» **PROMPT**
In the entries below, count every line with the word "roll". Return only the count.

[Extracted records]

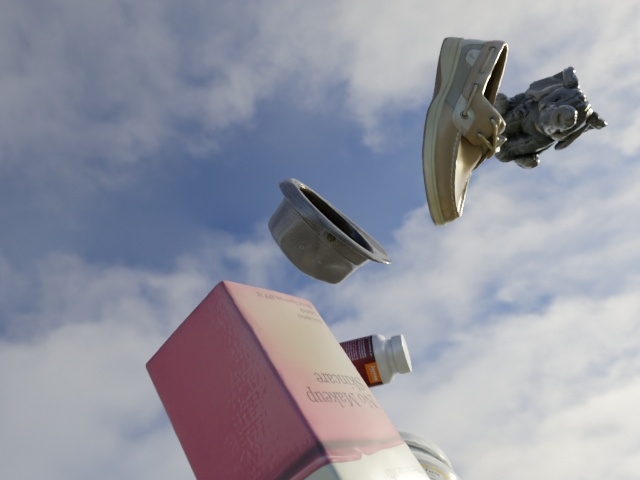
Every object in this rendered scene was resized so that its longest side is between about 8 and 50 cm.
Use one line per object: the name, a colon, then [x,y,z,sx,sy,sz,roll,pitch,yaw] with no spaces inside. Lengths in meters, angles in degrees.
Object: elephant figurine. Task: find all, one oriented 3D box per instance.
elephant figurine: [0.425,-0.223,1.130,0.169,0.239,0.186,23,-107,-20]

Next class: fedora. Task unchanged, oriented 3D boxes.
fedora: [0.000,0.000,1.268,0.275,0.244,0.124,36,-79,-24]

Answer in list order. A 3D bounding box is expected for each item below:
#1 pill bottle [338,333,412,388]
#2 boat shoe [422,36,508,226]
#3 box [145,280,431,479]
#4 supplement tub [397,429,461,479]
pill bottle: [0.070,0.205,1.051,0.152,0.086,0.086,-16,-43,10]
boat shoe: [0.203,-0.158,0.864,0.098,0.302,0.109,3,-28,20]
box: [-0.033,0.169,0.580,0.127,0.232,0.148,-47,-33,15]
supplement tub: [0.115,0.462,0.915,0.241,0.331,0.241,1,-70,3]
...
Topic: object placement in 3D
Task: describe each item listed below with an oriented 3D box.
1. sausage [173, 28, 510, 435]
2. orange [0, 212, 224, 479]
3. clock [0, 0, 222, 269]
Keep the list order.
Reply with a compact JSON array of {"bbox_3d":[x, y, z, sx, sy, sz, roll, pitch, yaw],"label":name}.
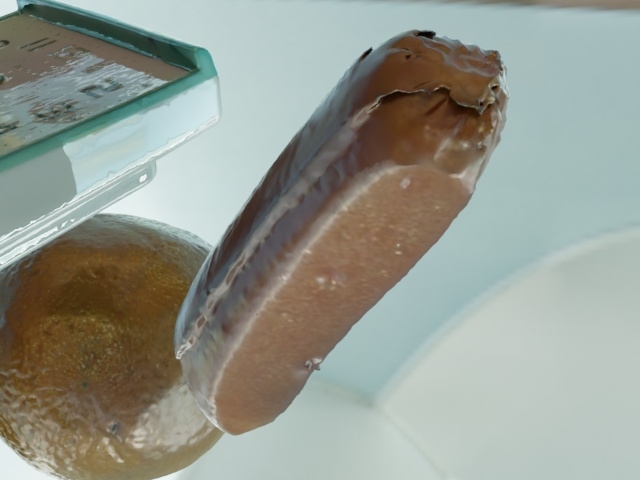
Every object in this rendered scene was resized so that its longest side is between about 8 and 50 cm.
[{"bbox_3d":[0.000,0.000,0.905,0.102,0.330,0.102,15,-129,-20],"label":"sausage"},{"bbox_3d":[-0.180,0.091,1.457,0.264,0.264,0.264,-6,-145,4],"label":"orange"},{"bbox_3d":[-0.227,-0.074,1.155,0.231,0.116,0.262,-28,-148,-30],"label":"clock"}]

» **WRITTEN RESPONSE**
2